PhD defense of Guillaume Rosinosky – Elasticity and BPMaaS – 23-1-2019

 Wednesday, January 23 2019 at 14:00 in room A008 in the LORIA.
The jury is composed of :
Reporters:
Walid Gaaloul – full professor at Telecom Sud Paris
Salima Benbernou – full professor at Université Paris Descartes (absent)
Examiners:
Malika Smail – associate professor at Université de Lorraine, LORIA
Parisa Ghodous – full professor at Université Lyon I, LIRIS
Invited:
Duy Tran Quang – manager at Bonitasoft
Supervisors:
François Charoy – full professor at Université de Lorraine, LORIA
Samir Youcef – associate professor at Université de Lorraine, LORIA
Abstract:
The availability of middleware platforms in the cloud, with “transparent” scalability, is a  progress for software developers and integrators. They can develop and deploy their applications without worrying about technical details.
However, the exploitation cost of a cloud infrastructure can quickly become important. Providers requires methods to reduce this cost by adapting the size of ressources to the needs of the customers.
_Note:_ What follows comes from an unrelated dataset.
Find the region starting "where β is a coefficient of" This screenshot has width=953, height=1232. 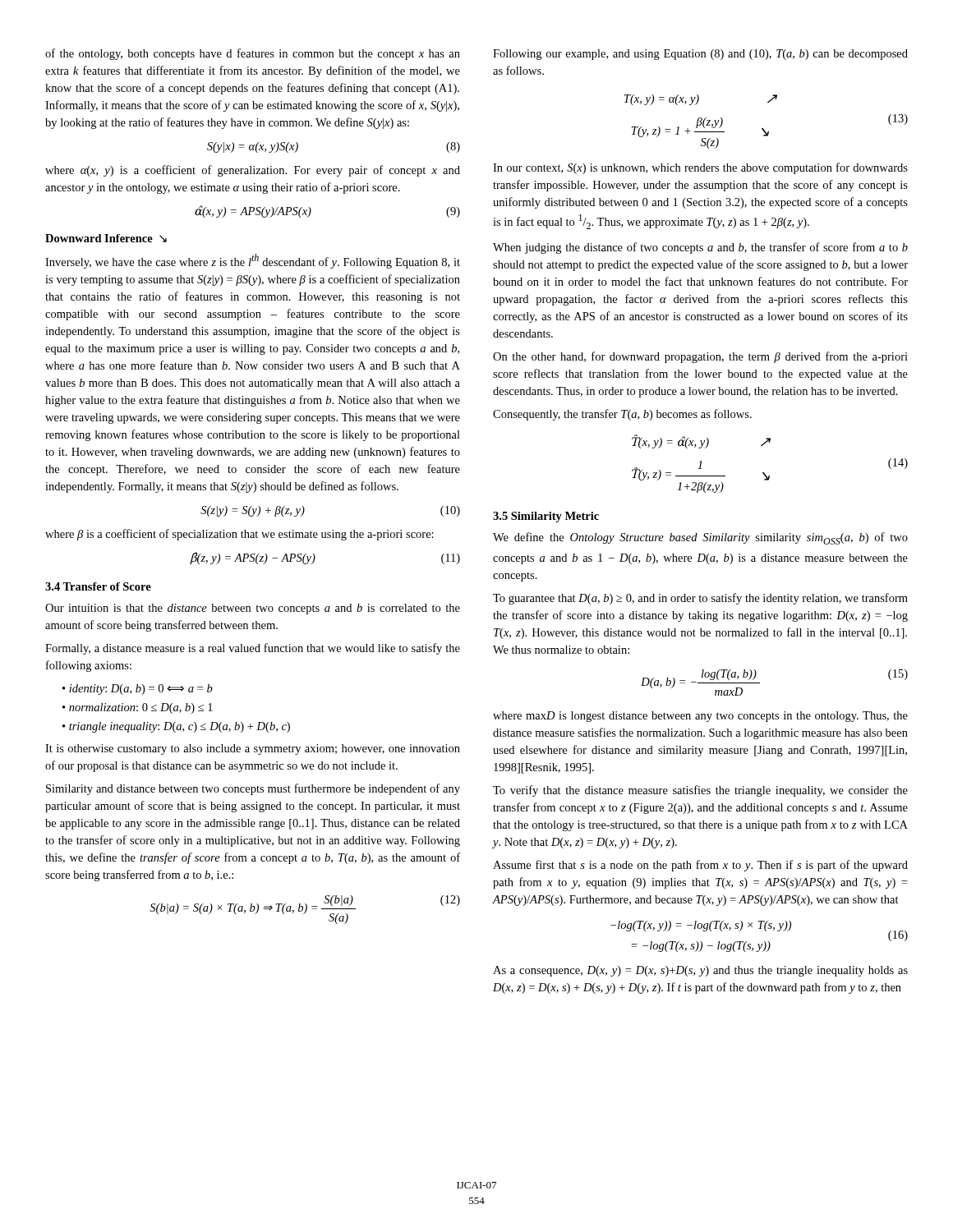[253, 534]

In this thesis, we focus on multi-tenant transactional web applications, more precisely on business processes execution engines. We propose methods allowing to optimize the operational costs of providers of business process execution “as a Service”  (BPMaaS) while ensuring a sufficient level of quality of service. This type of application do not scale well because of its persistence tier and of the transactional nature of operations. One must distribute the customers installations in order to optimize the cost, and sometimes move them depending of the needs of the customers.
These moves (or migrations) have an impact on the quality of service and they must be limited. First, we propose a method for measuring the size of resources in terms of  BPM tasks throughput, and then a method for measuring the impact of migrations we  evaluate, thus confirming our hypothesis. We also propose several linear optimization models and heuristics targeting resouce allocation and distribution of customers, while limiting the number of migrations. These models are based on the knowledge of the needs of  customers per time slot. We have experimented our three methods on the BPM solution Bonita, and demonstrated that they provide substantial savings on the infrastructure exploitation compared to a basic method.